After Camp Polk was abandoned, a Pennsylvania-born man named Samuel Hindman purchased 160 adjacent acres in 1868 from the Willamette Valley and Cascade Mountain Wagon Road Company. Soon after that he built a home, barn and Hindman Station, offering a mercantile, post office and open pastures for travelers to rest, resupply and feed their horses and cattle. The Hindman Barn, which was built around 1870, is still partly standing and is considered one of the oldest Euro-American structures in Deschutes County. A new spur trail was recently built at the preserve leading to the Hindman Barn that allows visitors access to this historical site.

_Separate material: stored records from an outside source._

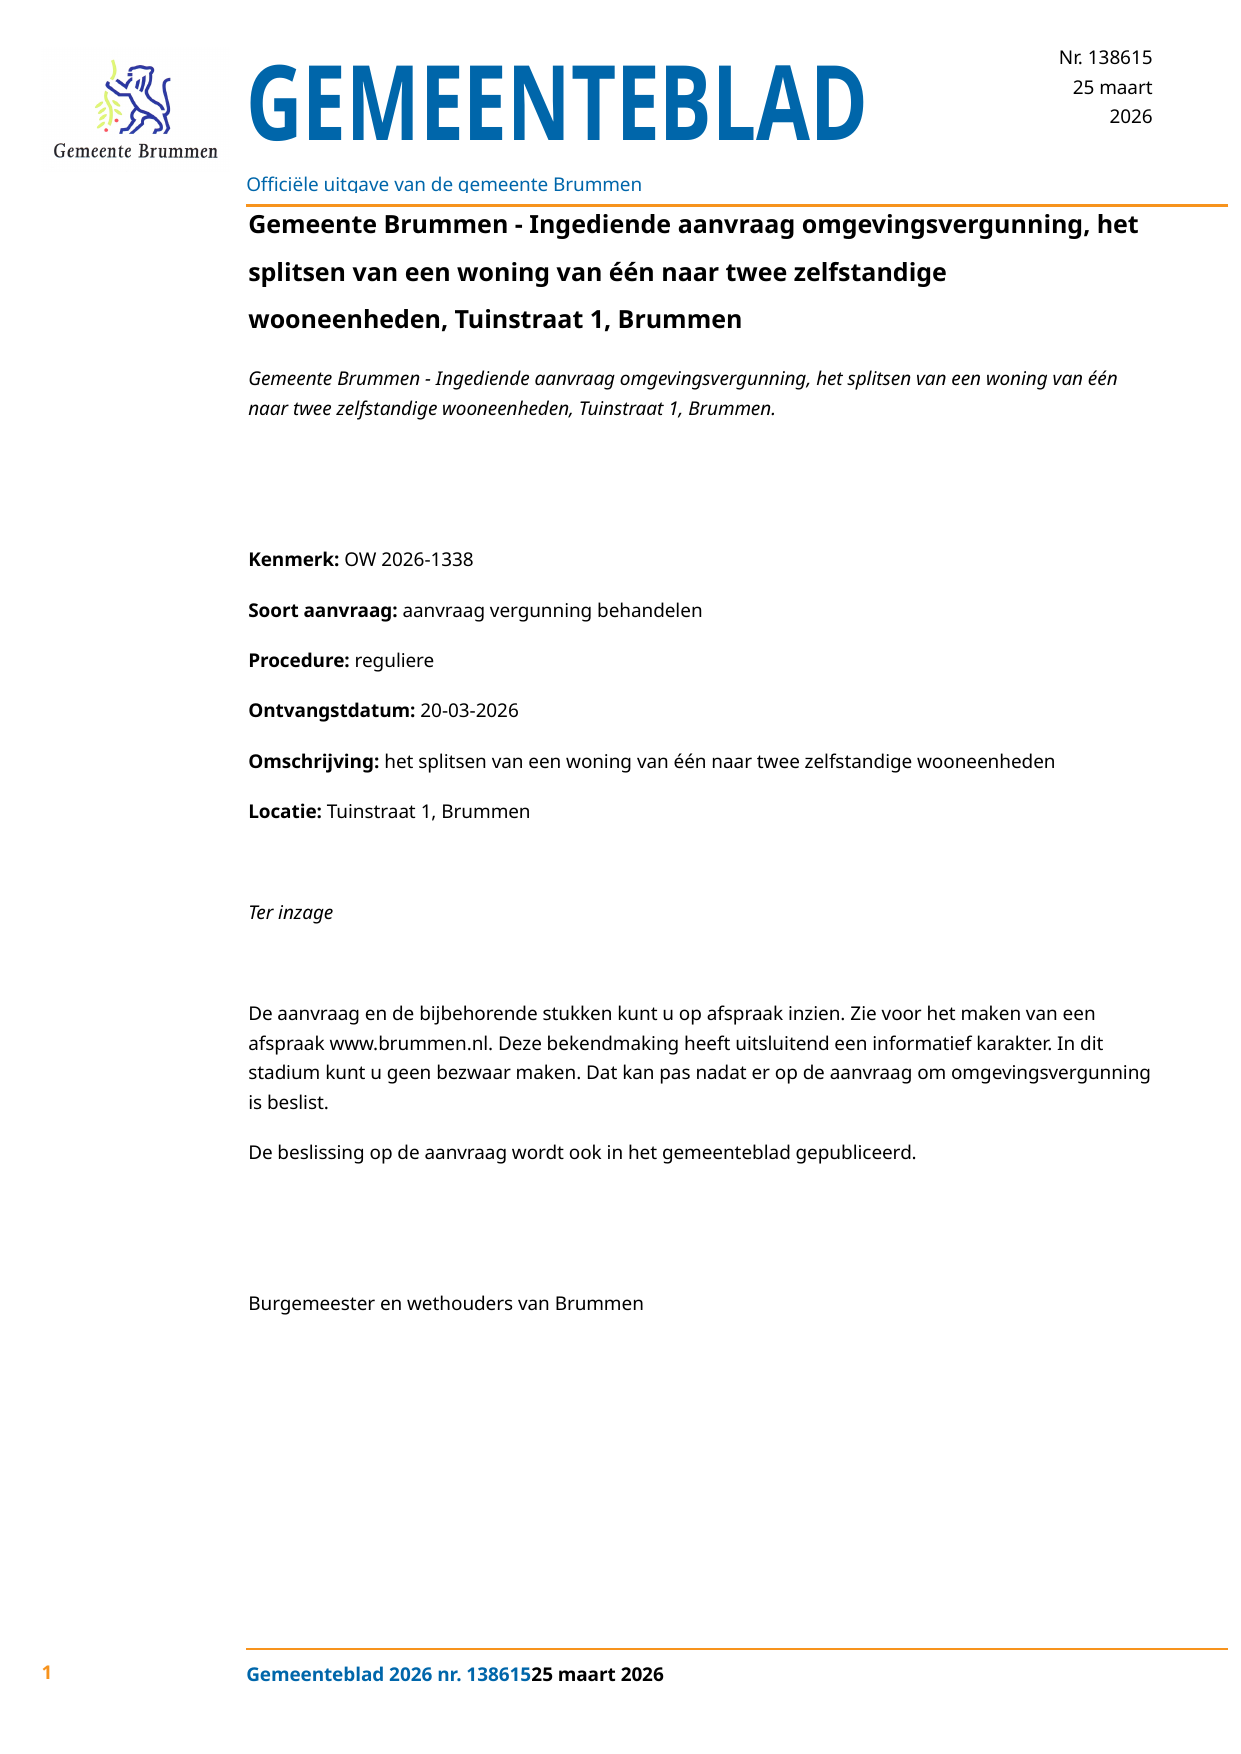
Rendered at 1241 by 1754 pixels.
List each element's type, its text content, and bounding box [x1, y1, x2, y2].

text Procedure: reguliere [248, 647, 1152, 673]
text Omschrijving: het splitsen van een woning van één naar twee zelfstandige wooneenheden [248, 748, 1152, 774]
text De aanvraag en de bijbehorende stukken kunt u op afspraak inzien. Zie voor het maken van een afspraak www.brummen.nl. Deze bekendmaking heeft uitsluitend een informatief karakter. In dit stadium kunt u geen bezwaar maken. Dat kan pas nadat er op de aanvraag om omgevingsvergunning is beslist. [248, 1000, 1152, 1114]
text Burgemeester en wethouders van Brummen [248, 1291, 1152, 1316]
text Ter inzage [248, 899, 1152, 925]
text Ontvangstdatum: 20-03-2026 [248, 698, 1152, 723]
text Soort aanvraag: aanvraag vergunning behandelen [248, 597, 1152, 622]
text Kenmerk: OW 2026-1338 [248, 546, 1152, 572]
picture [41, 47, 231, 172]
text Locatie: Tuinstraat 1, Brummen [248, 798, 1152, 824]
text Gemeente Brummen - Ingediende aanvraag omgevingsvergunning, het splitsen van een woning van één naar twee zelfstandige wooneenheden, Tuinstraat 1, Brummen. [248, 366, 1152, 421]
text Gemeente Brummen - Ingediende aanvraag omgevingsvergunning, het splitsen van een woning van één naar twee zelfstandige wooneenheden, Tuinstraat 1, Brummen [248, 207, 1152, 336]
text De beslissing op de aanvraag wordt ook in het gemeenteblad gepubliceerd. [248, 1139, 1152, 1165]

For over 70 years, until 1940, members of the Hindman family continued to live at Camp Polk. Deschutes Land Trust established Camp Polk Meadow in 2000 as a preserve, which includes the protection of nearly two miles of wetlands and a critical habitat for steelhead trout and Chinook salmon.

In 2012, the Whychus Creek restoration project successfully rerouted and returned the river to its natural state, which flows through the preserve. Previously, Whychus Creek had been narrowed and rerouted by dams and farmers and typically ran dry through the town of Sisters by mid-summer. Today, great efforts are being made in partnership with the Confederated Tribes of Warm Springs and others to restore salmon and steelhead to Central Oregon’s rivers and streams.

Before you visit Camp Polk Meadow Preserve or any other Deschutes Land Trust areas, plan your trip accordingly. Check for timely details like seasonal closures and available guided tours. Central Oregon has a multitude of parks, land trusts and nature preserves that welcome visitors and residents alike to engage more deeply with the area’s natural and human history.